On January 18, 2023 Invest in the USA (IIUSA) joined the American Immigration Lawyers Association (AILA), EB-5 Investment Coalition (EB-5IC), and the U.S. Chamber of Commerce in sending a letter to U.S. Citizenship and Immigration Services requesting further substantive engagement to address the effective implementation of the Reform and Integrity Act.
In the letter, the consigners note instances of confusion surrounding components of the RIA and reiterate the industry’s commitment to work with USCIS to avoid these instances moving forward. Further, the signers further noted, “As the recent confusion surrounding the I-956 and I-956G filings by the end of last year showed, substantive engagement between stakeholders and USCIS in the post-RIA world is more critical now than it has ever been.”
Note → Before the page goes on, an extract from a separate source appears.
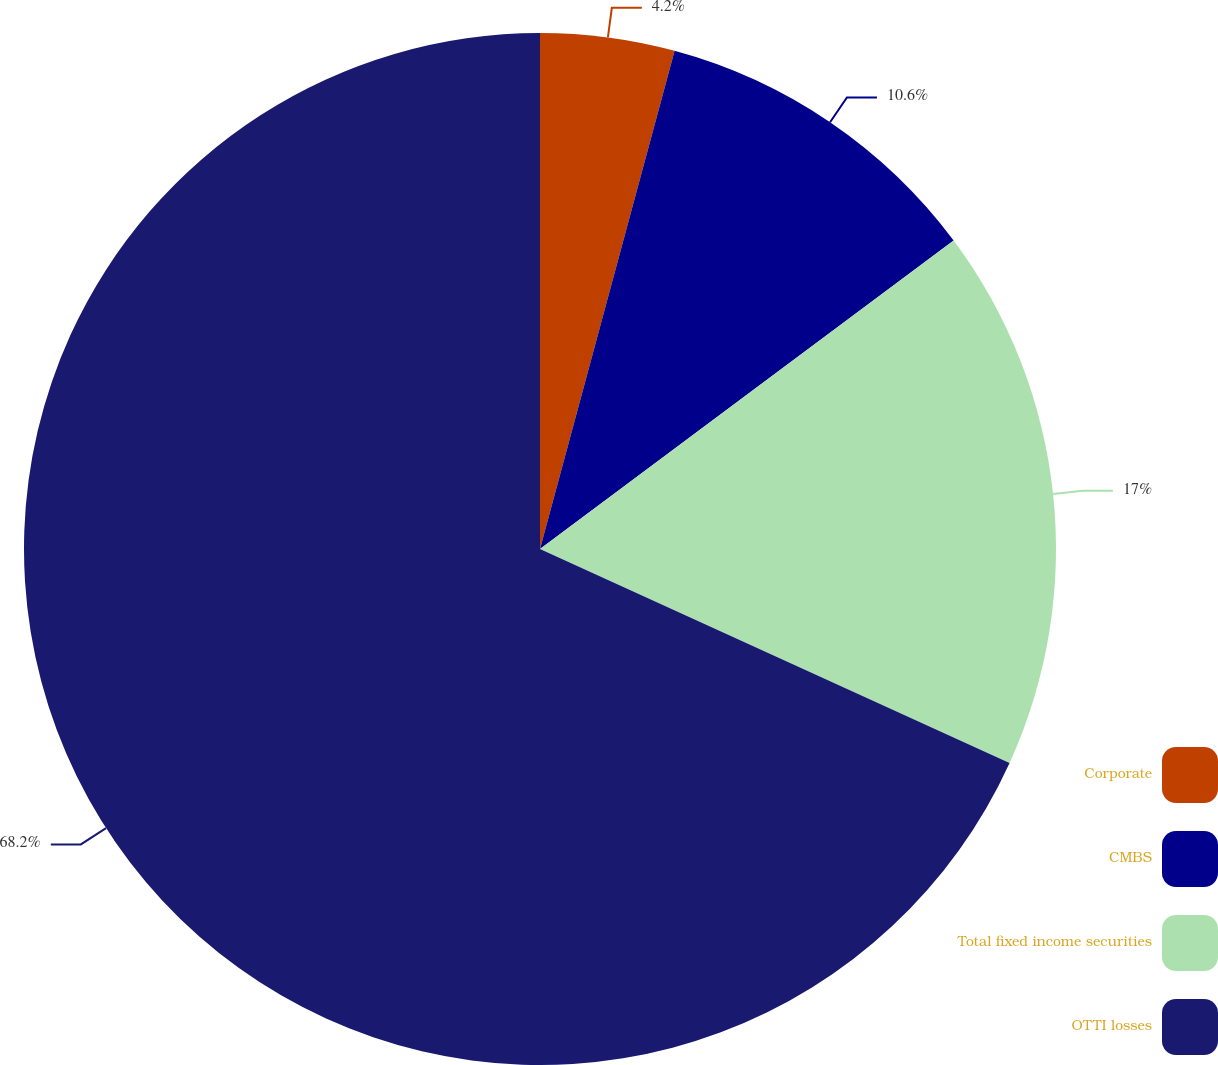Convert chart. <chart><loc_0><loc_0><loc_500><loc_500><pie_chart><fcel>Corporate<fcel>CMBS<fcel>Total fixed income securities<fcel>OTTI losses<nl><fcel>4.2%<fcel>10.6%<fcel>17.0%<fcel>68.19%<nl></chart> 
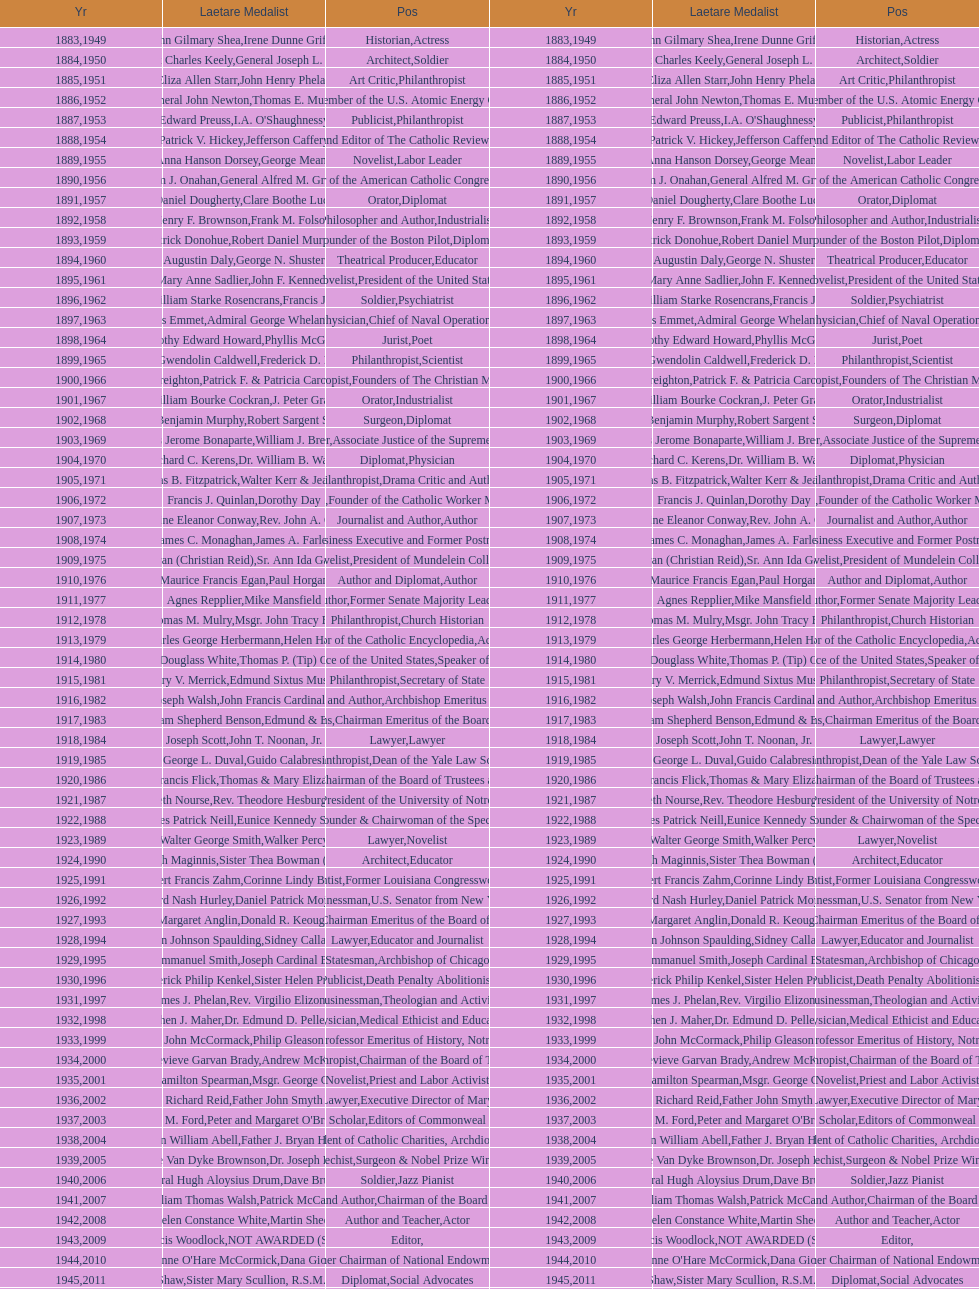How many times does philanthropist appear in the position column on this chart? 9.

At USCIS’s request, the letter also included examples of past interactive IPO engagements with the EB-5 Industry. You can read the complete letter below.
To USCIS
Ms. Alissa Emmel
Chief
Immigrant Investor Program Office
U.S. Citizenship and Immigration Services
Washington, DC 20529
Re: Critical Substantive Engagement Toward Efficient RIA Implementation
Dear Ms. Emmel:
On behalf of the undersigned organizations involved in EB-5 advocacy, we thank you for the USCIS Investor Program Office (“IPO”) National Engagement held on October 19, 2022 (“October 2022 Engagement”). It was helpful to be introduced to IPO leadership and learn directly about initiatives and priorities within the IPO.
An important recurring theme among stakeholders dialing into October 2022 Engagement was the request for a meaningful and substantive engagement with the IPO on implementing the EB-5 Reform and Integrity Act of 2022 (“RIA”). The point of such substantive engagement would be to avoid what the ruling judge in recent litigation against the USCIS deemed a “clearly erroneous” interpretation of the RIA.
When we called into the October 2022 Engagement, we reiterated the point that resolving interpretive questions the RIA raises through litigation, or alternatively, by unilateral agency action, frustrates both the RIA’s purpose and the interests of concerned stakeholders. As the recent confusion surrounding the I-956 and I-956G filings by the end of last year showed, substantive engagement between stakeholders and USCIS in the post-RIA world is more critical now than it has ever been.
The goals of such a dialogue would be to bring awareness about open interpretive questions and to engage in technical discussions examining the different possible interpretations and the impacts they would have on stakeholders. For example, the dialogue could focus on the best interpretation of the RIA regarding sustainment. Leveraging legal and policy experts from both the IPO and the EB-5 industry could bring to bear precedent, prior interpretations of same or similar concepts, prior legislative drafts, current policy, and commercial impacts to together devise the most appropriate interpretation.